Além disso, vale observar se a empresa tem clareza sobre seu nível de maturidade organizacional em relação à comunicação. Empresas em estágios mais operacionais costumam confundir feedback com crítica ou queixa, favorecendo uma lógica de silenciamento. Já culturas mais estratégicas e sistêmicas criam rituais de escuta e mecanismos de reparo. Isso não acontece por sorte. É intencionalidade cultural.
Mas o que fazer quando a cultura não favorece, a liderança não escuta, e ainda assim há algo que precisa ser dito?
Antes de tudo, vale lembrar que feedback não é só fala, é também contexto. E entender o terreno ajuda a traçar estratégias mais cuidadosas.
Aqui vão alguns caminhos possíveis:
1. Avalie a estrutura do vínculo com sua liderança - Existe confiança construída? Há espaço real para vulnerabilidade ou tudo precisa ser filtrado estrategicamente? O primeiro passo é mapear a qualidade relacional, não apenas a hierarquia.
2. Nomeie o que está sendo evitado - Muitas vezes o bloqueio não está na fala, mas no medo da consequência. Rejeição? Desvalorização? Exposição? Injustiça? Ao nomear o que está em jogo emocionalmente, o campo mental se organiza melhor. E o autocuidado se torna mais claro.
3. Teste o terreno com pequenas devolutivas indiretas - Em vez de partir para um feedback direto, que pode ser ameaçador em culturas imaturas, experimente frases do tipo: “Tenho uma percepção que gostaria de compartilhar, posso trazer?” ou “Você gostaria de saber como essa decisão foi percebida pela equipe?” Essas falas abrem o campo da escuta sem acusar.
4. Use a técnica da observação + impacto + valor comum - Evite julgamentos. Traga uma observação concreta, diga o que isso gerou em você ou na equipe e associe a um valor que a empresa diz prezar. Exemplo: “Quando mudanças são feitas sem alinhamento prévio, percebo mais ruído entre áreas e queda de engajamento. E como valorizamos colaboração, pensei em trazer isso.”
5. Regule o corpo antes de entrar na conversa - Cuide para manter a regulação emocional equilibrada. Técnicas de respiração, escrita prévia, mentalização de possíveis reações. Tudo isso ajuda o cérebro a sair do estado reativo e entrar no campo da intencionalidade.
6. Se necessário, use canais formais ou mediação - Em ambientes com baixo preparo emocional, canais de RH, PDI (plano de desenvolvimento individual) ou avaliações estruturadas podem ser recursos mais seguros para inserir temas difíceis.
E se, mesmo com tudo isso, a liderança insistir em se proteger do que precisa ser visto, vale fazer uma pergunta silenciosa, mas crucial: qual o impacto de continuar engolindo isso todos os dias?

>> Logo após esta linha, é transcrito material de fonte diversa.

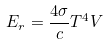<formula> <loc_0><loc_0><loc_500><loc_500>E _ { r } = \frac { 4 \sigma } { c } T ^ { 4 } V</formula> 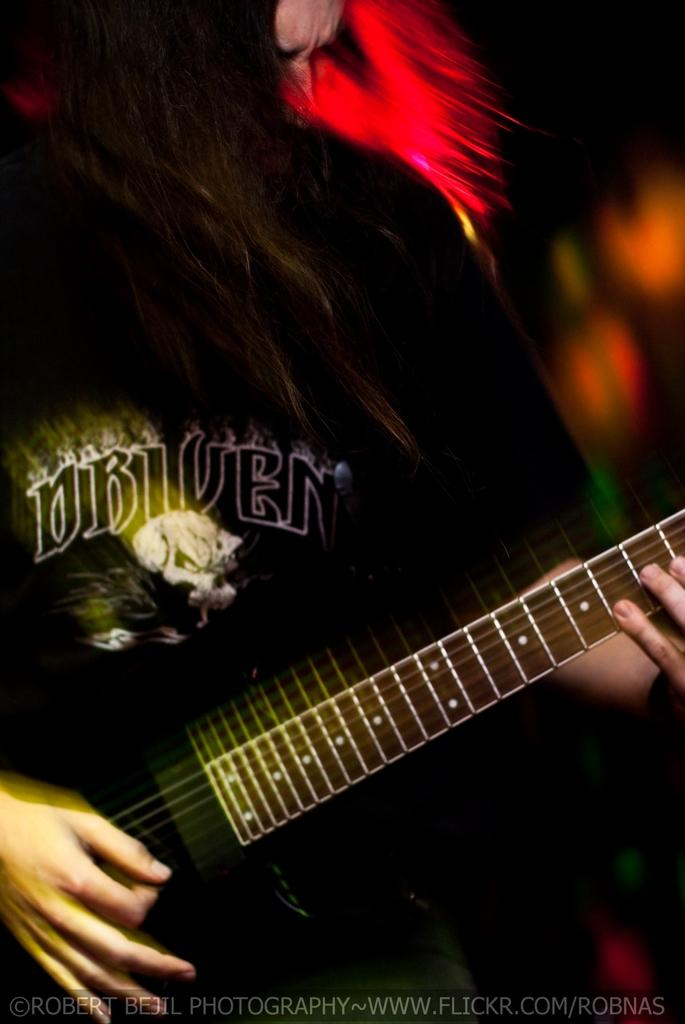What is the main subject of the image? There is a person in the image. What is the person holding in the image? The person is holding a guitar. Can you describe the background of the image? The background of the image is blurred. Is there any text present in the image? Yes, there is some text at the bottom of the image. What type of plants can be seen growing on the floor in the image? There are no plants visible in the image, and the floor is not mentioned in the provided facts. 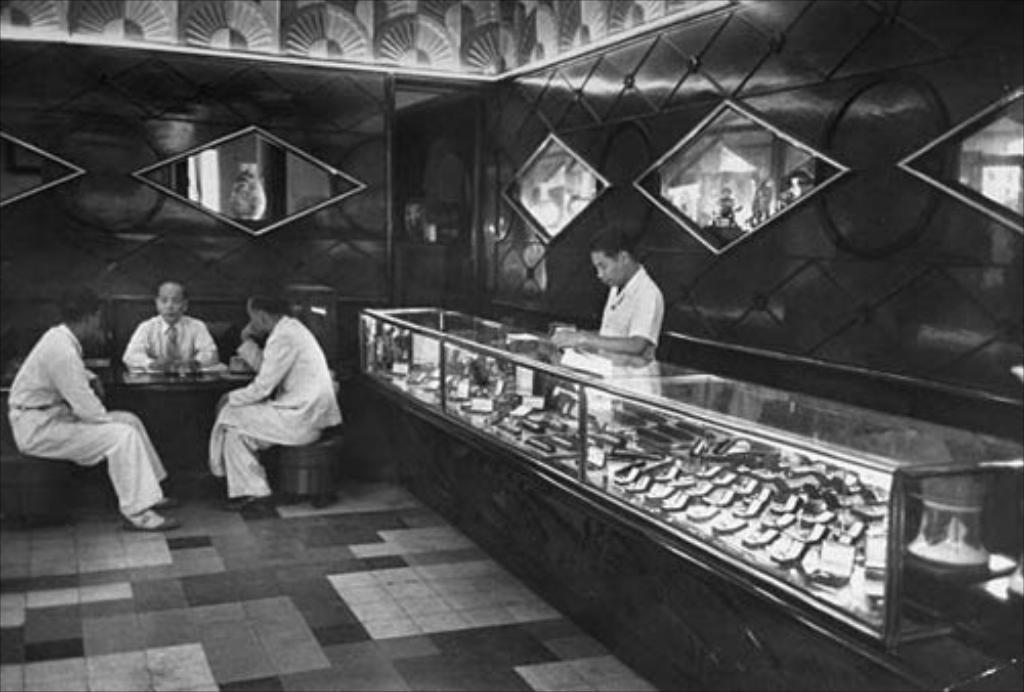What type of setting is shown in the image? The image depicts an inside view of a room. How many people are present in the room? There are four men in the image. What are the positions of the men in the room? Three of the men are sitting on chairs, and one man is standing. What is the color scheme of the image? The image is in black and white. What type of gold jewelry is the man wearing in the image? There is no gold jewelry visible on any of the men in the image, as it is in black and white. What type of joke is being told by the standing man in the image? There is no indication of a joke being told in the image, as there is no dialogue or facial expressions suggesting humor. 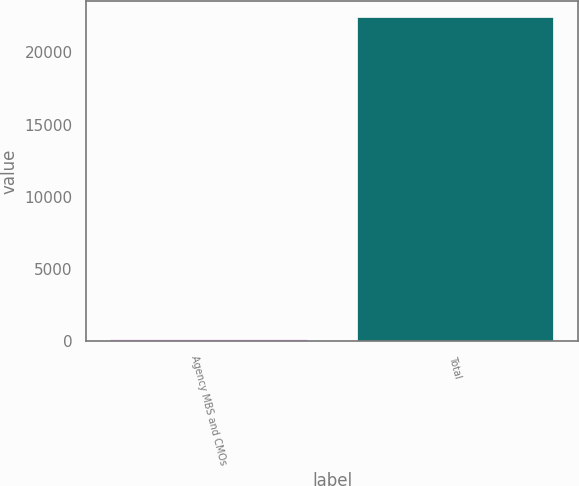Convert chart to OTSL. <chart><loc_0><loc_0><loc_500><loc_500><bar_chart><fcel>Agency MBS and CMOs<fcel>Total<nl><fcel>193<fcel>22409<nl></chart>

Expressar-se no trabalho não deveria ser um ato de coragem isolada. Mas enquanto ainda for, que seja com inteligência relacional, suporte emocional e autorrespeito. Falar sem perder a si mesmo é um treino. E também uma forma de resistir à cultura do medo com maturidade.
Porque a forma como uma liderança reage ao feedback revela mais sobre ela do que sobre você. E ninguém deveria adoecer tentando ensinar alguém a escutar.